Source material Block Start

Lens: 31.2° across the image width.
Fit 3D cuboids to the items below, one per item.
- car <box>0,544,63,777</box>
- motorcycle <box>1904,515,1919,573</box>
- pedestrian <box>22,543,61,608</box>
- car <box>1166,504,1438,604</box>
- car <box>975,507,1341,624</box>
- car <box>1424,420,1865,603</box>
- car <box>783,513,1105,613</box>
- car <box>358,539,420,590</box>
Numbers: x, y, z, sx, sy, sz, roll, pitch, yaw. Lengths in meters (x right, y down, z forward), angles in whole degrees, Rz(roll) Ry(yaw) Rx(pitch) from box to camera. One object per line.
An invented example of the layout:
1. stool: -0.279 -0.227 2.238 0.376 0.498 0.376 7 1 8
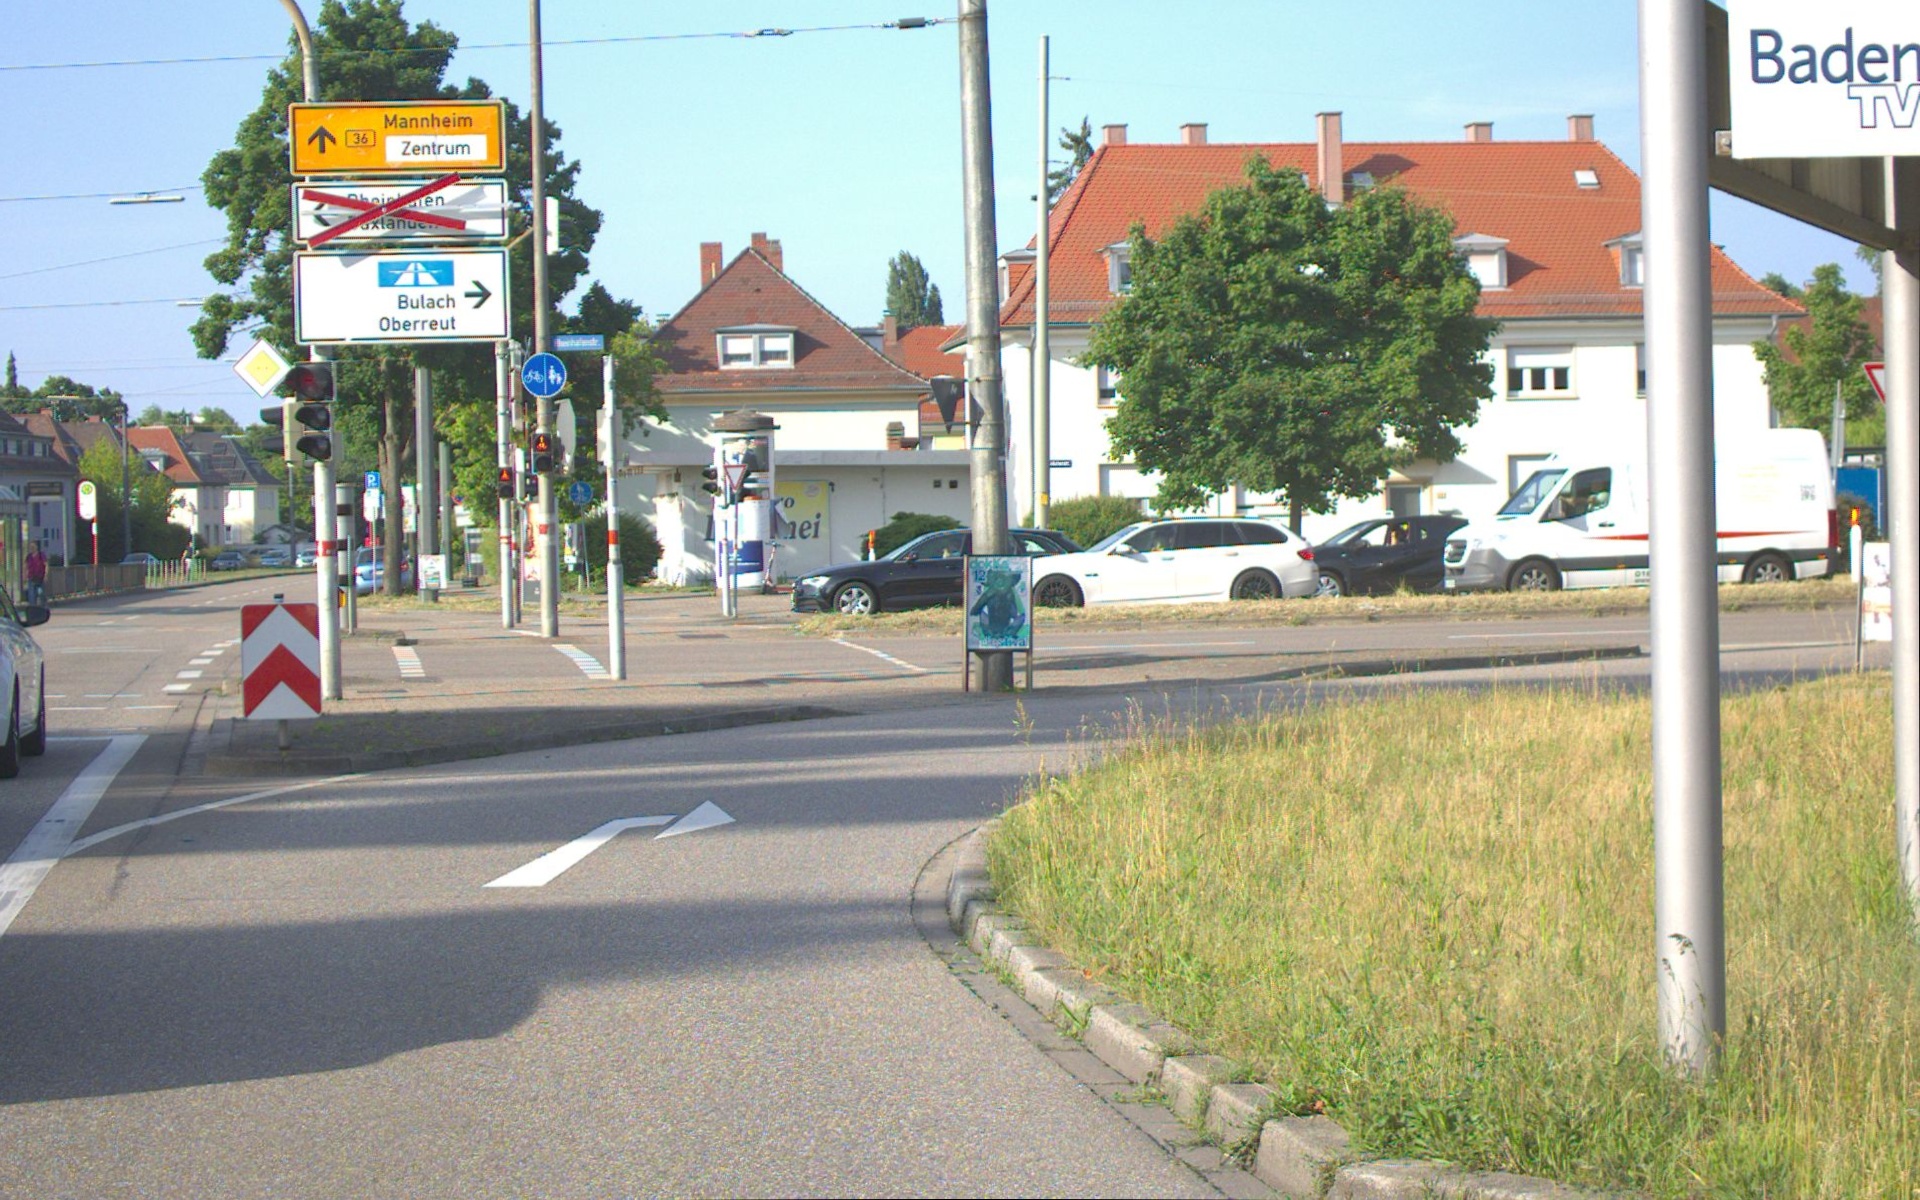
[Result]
1. car: -7.040 0.369 23.230 1.656 1.438 4.015 -2 1 -12
2. motorcycle: 15.573 -0.878 52.250 2.270 0.863 0.691 -2 1 -10
3. pedestrian: -21.316 -0.572 79.784 0.753 1.494 0.827 0 0 -7
4. car: 5.439 -0.741 54.847 3.986 1.448 1.716 -2 1 -9
5. car: 2.904 -0.520 50.923 5.093 1.557 1.840 -2 1 -9
6. car: 10.347 -1.351 52.136 6.206 2.574 2.001 -2 1 -9
7. car: -0.272 -0.597 53.969 4.822 1.406 1.716 -2 1 -9
8. car: -16.028 -0.995 96.566 1.674 1.393 4.001 0 0 -9
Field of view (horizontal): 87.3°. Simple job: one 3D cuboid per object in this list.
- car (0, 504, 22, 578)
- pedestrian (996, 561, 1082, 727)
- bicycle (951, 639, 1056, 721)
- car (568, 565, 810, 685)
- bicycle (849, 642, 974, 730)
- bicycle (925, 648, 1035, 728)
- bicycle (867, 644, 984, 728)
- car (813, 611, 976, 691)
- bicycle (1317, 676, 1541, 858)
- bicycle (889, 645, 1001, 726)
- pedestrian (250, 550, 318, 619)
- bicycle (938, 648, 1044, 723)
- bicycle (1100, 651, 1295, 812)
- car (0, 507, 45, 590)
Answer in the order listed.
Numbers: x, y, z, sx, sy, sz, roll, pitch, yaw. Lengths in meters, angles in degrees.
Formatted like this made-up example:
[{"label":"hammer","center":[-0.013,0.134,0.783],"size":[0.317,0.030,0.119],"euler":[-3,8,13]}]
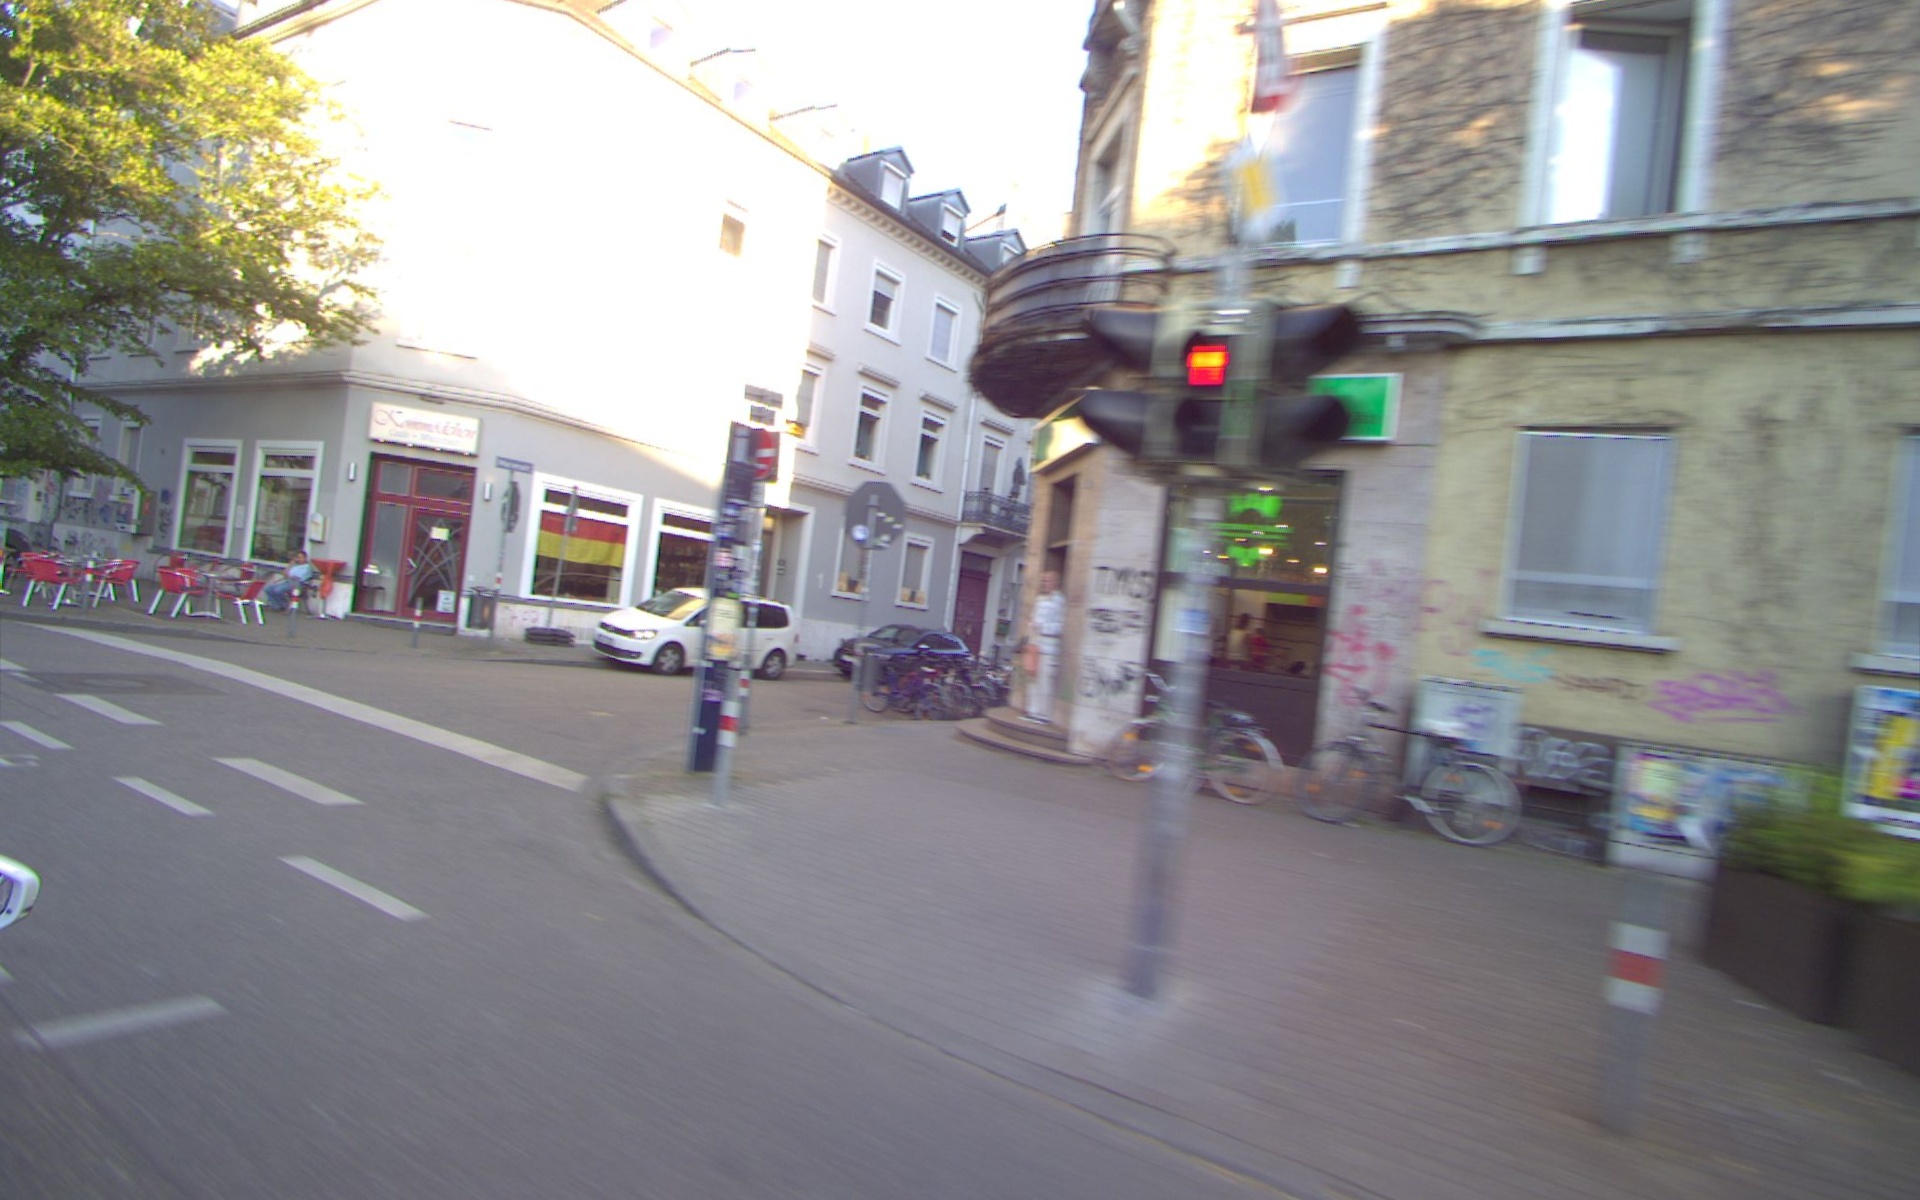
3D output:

Source material Block End

Assignment: What are the lines above, starting at the one with "Fit 3D cuboids" and ending at the one with "- car <box>975,507,1341,624</box>"? Give them again exactly, and only them.

Solution to the exercise:
Fit 3D cuboids to the items below, one per item.
- car <box>0,544,63,777</box>
- motorcycle <box>1904,515,1919,573</box>
- pedestrian <box>22,543,61,608</box>
- car <box>1166,504,1438,604</box>
- car <box>975,507,1341,624</box>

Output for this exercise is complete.